Input data:

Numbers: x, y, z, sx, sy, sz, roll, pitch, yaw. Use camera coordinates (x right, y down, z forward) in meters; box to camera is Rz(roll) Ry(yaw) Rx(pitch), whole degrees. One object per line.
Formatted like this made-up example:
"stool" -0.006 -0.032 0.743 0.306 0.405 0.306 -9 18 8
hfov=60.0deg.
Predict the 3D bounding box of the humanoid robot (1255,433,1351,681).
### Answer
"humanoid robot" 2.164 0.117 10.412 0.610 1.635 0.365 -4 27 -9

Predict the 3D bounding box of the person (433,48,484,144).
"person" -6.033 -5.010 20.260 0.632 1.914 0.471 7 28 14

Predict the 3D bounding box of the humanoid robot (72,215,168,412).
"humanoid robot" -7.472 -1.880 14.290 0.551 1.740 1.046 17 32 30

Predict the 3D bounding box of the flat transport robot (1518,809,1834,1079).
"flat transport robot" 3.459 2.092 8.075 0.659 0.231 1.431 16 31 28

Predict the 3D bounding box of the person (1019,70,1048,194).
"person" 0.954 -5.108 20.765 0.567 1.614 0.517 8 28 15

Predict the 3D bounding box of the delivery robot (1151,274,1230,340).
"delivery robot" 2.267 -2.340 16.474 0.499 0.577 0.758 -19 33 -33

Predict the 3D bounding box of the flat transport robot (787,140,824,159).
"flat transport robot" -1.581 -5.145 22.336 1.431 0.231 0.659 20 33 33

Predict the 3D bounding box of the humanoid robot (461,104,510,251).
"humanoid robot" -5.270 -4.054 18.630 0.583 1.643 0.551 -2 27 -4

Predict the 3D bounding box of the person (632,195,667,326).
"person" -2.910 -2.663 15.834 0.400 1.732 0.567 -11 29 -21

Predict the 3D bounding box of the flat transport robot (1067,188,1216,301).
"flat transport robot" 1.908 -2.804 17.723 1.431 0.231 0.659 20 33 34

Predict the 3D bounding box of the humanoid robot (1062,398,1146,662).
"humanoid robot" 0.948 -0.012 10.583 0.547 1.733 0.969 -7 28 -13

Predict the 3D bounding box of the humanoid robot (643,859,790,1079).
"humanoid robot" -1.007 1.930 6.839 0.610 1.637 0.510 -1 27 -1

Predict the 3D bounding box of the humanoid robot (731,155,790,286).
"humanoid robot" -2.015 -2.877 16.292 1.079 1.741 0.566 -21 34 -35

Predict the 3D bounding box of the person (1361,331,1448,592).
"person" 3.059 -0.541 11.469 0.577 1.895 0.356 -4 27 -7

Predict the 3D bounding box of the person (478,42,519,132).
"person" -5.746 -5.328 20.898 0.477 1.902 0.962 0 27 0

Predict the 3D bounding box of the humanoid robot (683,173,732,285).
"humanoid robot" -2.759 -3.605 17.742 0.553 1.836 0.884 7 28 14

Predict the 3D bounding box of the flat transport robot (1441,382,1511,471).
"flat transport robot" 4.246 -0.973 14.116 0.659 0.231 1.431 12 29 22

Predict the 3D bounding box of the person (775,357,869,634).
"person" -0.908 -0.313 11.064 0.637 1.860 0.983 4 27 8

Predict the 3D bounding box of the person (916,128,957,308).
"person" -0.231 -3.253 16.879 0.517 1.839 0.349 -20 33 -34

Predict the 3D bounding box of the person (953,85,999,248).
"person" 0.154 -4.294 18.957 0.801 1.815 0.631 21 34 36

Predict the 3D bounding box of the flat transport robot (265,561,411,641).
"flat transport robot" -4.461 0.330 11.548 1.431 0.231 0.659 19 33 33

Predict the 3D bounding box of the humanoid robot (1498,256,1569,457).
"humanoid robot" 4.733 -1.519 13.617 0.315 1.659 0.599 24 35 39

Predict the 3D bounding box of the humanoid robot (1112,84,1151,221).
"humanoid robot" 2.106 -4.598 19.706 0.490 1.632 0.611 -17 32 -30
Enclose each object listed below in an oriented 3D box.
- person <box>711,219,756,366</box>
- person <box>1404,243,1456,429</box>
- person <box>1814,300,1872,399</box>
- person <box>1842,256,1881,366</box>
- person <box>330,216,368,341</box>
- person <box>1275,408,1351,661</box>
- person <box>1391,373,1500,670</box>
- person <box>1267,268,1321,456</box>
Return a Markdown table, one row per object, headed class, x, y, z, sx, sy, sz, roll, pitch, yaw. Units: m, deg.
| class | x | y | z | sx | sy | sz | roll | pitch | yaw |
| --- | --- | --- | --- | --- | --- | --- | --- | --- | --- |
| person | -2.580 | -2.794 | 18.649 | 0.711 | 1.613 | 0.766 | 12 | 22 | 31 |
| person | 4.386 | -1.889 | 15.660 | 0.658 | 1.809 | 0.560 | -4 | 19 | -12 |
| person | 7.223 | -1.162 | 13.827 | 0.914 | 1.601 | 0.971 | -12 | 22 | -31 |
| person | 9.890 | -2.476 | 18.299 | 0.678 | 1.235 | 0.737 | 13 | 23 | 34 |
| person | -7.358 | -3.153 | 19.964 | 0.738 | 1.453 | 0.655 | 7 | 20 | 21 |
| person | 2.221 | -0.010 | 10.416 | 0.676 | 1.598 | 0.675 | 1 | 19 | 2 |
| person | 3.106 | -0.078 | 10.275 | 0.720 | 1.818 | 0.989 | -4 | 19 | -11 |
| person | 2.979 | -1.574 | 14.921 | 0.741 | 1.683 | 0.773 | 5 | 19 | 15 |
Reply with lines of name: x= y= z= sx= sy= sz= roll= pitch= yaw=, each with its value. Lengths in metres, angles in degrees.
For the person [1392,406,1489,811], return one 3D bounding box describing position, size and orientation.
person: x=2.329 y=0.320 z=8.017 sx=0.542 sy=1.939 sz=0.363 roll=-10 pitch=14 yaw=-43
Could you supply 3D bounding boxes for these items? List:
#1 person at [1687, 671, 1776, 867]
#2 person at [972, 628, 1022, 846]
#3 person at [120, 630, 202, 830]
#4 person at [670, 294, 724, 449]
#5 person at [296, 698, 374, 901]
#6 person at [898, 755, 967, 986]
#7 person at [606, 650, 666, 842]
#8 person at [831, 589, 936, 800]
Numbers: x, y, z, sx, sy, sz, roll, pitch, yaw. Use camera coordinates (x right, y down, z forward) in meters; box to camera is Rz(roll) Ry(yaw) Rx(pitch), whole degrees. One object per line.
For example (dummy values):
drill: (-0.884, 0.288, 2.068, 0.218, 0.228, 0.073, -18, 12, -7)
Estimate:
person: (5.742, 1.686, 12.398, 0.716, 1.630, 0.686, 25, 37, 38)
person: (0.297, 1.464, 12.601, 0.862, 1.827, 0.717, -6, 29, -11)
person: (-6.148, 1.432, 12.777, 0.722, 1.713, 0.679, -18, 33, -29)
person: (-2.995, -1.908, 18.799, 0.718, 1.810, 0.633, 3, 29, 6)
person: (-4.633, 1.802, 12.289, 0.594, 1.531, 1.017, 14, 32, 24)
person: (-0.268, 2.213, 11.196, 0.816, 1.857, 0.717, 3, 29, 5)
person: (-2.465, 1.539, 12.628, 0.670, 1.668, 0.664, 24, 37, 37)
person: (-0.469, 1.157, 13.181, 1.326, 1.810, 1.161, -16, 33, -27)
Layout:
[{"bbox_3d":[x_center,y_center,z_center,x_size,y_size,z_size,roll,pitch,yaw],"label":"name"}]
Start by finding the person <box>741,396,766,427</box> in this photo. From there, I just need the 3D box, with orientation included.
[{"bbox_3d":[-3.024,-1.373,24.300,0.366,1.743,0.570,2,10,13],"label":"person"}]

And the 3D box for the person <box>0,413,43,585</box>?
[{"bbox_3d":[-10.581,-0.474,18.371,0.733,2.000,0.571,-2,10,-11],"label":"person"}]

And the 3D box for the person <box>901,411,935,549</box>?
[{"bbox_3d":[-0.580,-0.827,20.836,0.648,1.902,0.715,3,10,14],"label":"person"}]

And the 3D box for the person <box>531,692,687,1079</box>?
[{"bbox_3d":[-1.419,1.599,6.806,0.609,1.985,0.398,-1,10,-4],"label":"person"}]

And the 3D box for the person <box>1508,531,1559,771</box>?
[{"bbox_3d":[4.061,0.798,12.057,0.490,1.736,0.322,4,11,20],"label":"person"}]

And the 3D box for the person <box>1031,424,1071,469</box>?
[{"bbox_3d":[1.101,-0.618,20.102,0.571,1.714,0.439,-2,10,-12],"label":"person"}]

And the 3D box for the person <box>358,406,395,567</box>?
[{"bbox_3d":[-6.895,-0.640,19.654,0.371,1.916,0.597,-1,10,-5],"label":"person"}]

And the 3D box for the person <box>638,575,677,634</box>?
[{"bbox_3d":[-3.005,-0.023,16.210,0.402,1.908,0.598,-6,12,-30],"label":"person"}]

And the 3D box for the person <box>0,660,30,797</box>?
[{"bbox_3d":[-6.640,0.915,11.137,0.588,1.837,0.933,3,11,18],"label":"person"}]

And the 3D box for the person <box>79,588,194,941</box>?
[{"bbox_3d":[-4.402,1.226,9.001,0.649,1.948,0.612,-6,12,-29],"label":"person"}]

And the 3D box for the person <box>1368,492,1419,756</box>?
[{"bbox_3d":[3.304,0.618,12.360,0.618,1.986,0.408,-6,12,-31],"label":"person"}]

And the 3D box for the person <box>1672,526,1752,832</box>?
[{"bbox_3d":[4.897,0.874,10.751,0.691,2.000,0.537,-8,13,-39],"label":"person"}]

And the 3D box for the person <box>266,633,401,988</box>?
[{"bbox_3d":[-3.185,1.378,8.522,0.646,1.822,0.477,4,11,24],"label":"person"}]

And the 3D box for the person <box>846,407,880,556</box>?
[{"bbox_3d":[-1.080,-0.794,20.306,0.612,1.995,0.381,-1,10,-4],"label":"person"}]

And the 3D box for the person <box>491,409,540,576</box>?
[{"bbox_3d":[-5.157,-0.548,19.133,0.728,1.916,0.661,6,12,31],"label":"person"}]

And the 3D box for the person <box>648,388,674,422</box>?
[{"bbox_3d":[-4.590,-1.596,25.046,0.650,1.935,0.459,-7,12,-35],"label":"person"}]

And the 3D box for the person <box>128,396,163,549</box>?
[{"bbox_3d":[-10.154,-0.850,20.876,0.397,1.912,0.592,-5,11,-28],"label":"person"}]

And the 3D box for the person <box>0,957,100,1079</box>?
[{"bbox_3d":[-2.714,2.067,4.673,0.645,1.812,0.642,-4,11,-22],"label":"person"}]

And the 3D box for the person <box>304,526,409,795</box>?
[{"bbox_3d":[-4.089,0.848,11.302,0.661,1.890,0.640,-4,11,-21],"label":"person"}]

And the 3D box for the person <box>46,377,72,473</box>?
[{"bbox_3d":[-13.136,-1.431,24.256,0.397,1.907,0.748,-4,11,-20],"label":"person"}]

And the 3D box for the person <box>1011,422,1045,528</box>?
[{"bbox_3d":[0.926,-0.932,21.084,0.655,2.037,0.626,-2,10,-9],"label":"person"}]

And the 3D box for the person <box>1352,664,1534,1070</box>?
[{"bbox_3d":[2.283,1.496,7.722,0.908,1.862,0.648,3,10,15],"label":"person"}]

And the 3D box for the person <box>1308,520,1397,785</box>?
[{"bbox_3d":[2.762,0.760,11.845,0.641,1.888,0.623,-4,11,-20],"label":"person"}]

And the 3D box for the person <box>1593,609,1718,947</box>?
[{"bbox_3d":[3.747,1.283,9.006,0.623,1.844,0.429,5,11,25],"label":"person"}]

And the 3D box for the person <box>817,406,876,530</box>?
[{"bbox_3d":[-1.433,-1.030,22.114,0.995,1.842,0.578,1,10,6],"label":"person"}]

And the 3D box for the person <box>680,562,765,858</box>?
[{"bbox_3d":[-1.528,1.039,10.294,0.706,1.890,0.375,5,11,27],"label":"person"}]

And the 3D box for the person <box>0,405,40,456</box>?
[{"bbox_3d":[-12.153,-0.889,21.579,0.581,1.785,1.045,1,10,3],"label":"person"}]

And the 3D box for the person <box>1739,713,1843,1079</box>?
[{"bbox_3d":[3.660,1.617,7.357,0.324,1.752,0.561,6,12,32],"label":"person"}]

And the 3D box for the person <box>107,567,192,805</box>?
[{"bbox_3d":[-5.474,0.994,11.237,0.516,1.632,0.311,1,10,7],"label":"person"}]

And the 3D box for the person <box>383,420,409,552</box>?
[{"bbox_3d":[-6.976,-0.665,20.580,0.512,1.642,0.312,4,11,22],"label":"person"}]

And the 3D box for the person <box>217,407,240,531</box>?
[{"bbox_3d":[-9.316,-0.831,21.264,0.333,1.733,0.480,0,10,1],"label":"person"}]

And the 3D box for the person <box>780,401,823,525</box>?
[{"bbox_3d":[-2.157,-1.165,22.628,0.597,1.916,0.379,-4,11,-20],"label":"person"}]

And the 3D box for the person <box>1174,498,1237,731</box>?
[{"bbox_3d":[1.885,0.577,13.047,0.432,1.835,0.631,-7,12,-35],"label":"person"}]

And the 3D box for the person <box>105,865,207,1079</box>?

Work task: Using the listing above, state the count of lines that include "example" and nothing else.

Solution to this task: 2